Reproduceable Code Example in Python:

from joblib import Parallel, delayed
from multiprocessing import cpu_count
from geopy.geocoders import Nominatim
from collections import defaultdict

def geopy_parse(address_str):
    """
    Use Custom Nominatim Server to Extract 
    Country, Locality and Region from Unstructured Address
    """
    osm = Nominatim(domain="<url>", scheme="http", timeout=10000)
    result = osm.geocode(address_str, language='en', addressdetails=True)
    if result is not None:
        return defaultdict(lambda: None, result.raw['address'])
    else:
        return None

addresses = ['Vancouver BC Canada']*100
Parallel(n_jobs=cpu_count())(delayed(geopy_parse)(a) for a in addresses)

python parallelization nominatim multiprocessing

asked 20 Sep '20, 23:58

rirhun
26●5●5●9
accept rate: 0%

edited 20 Sep '20, 23:59

One Answer:

For installations with a high load, you should switch your server at least to php-fpm. In my experience it is also worth switching to nginx, as it is much better in coping with many parallel requests. Your system setup should be able to manage 600 request/s. (It depends on how the VM is set up, in particular, how fast is access to the disks.)

On a general note: it is not really worth increasing the number of parallel requests infinitely. Your server has a fixed number of CPUs and that limits the number of parallel work you can do. Too many parallel request and they get in each other's way, which actually slows you down. In your case I would expect that beyond 50 parallel requests you won't see much increase in throughput.

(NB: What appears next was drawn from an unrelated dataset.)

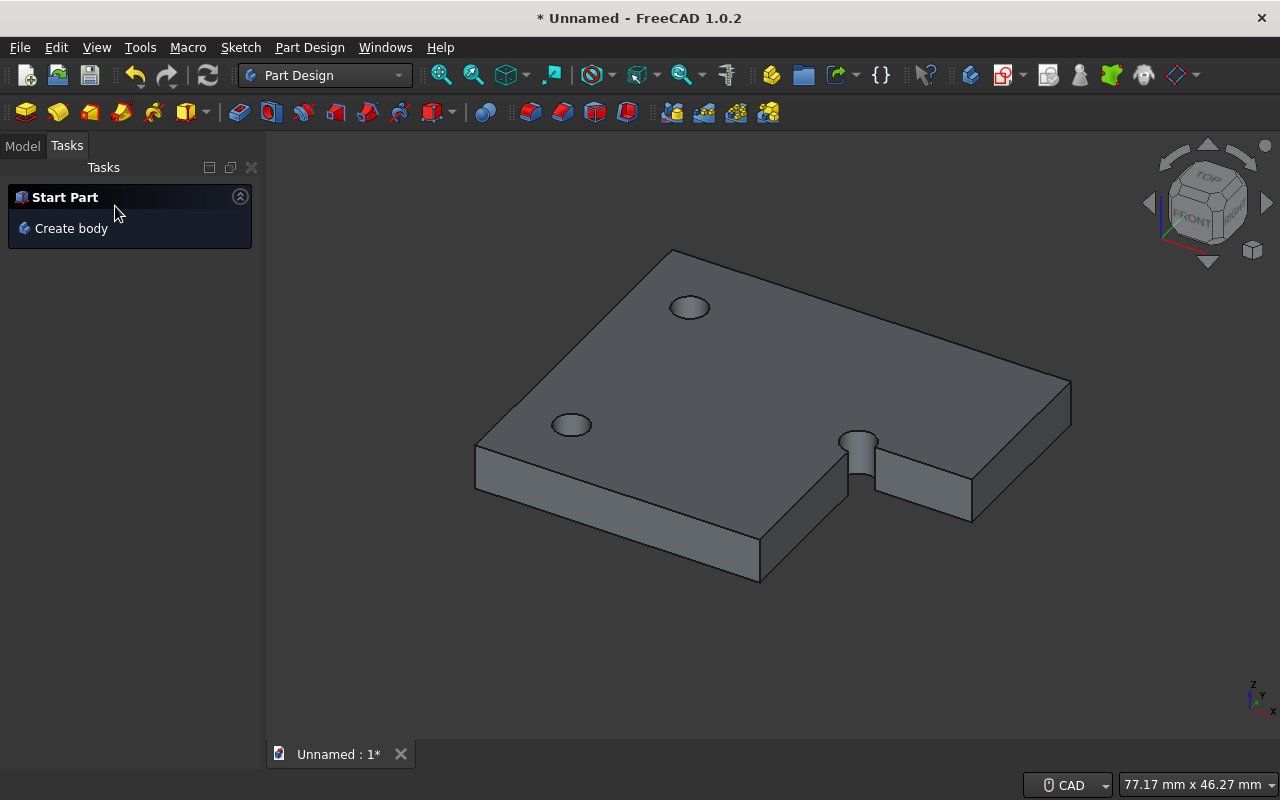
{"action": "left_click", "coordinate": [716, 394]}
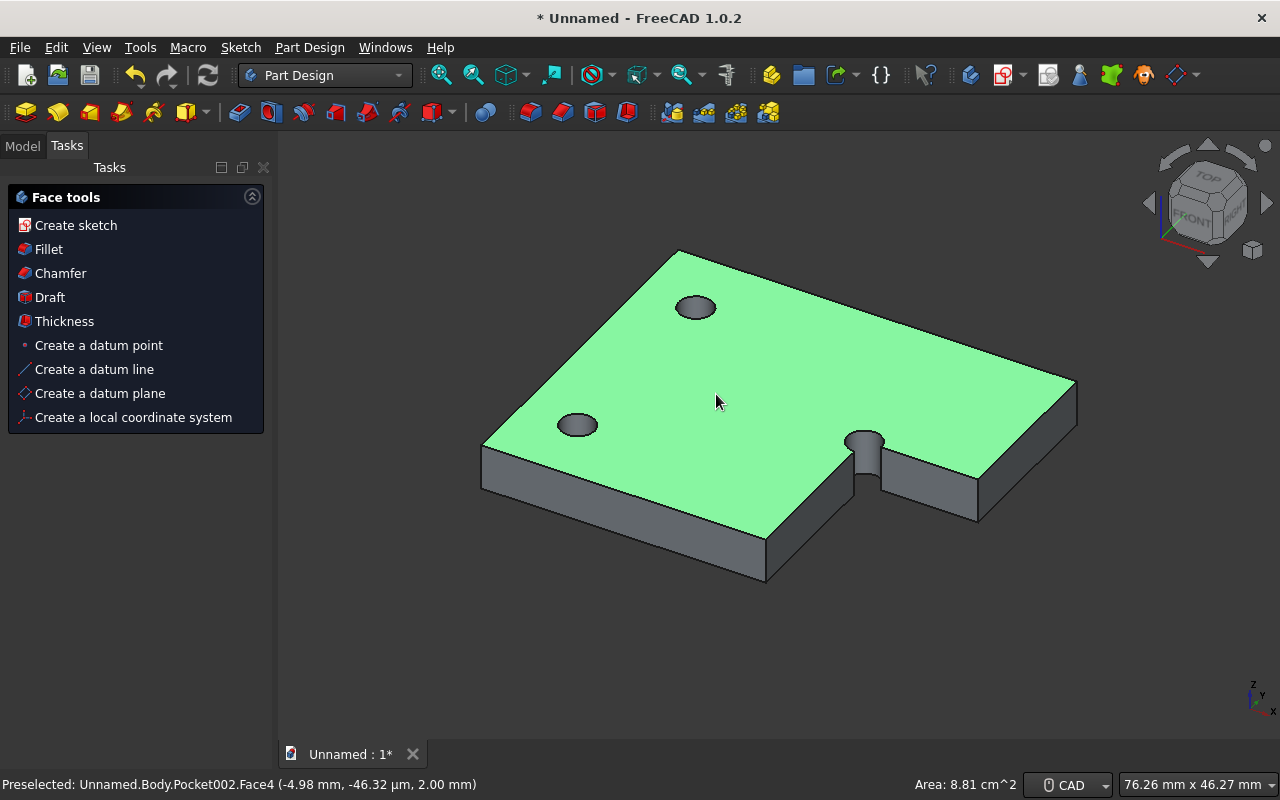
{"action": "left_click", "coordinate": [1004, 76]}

answered 21 Sep '20, 09:09

lonvia
6.2k●2●57●89
accept rate: 40%

Thanks for the insightful response - I'm using an SSD so access to disk should be relatively fast I believe. I tried looking into nginx and it wasn't working - the server kept complaining "file not found" w/ regards to the php-fpm.socket even though the path to the socket was correct.

(21 Sep '20, 17:55) rirhun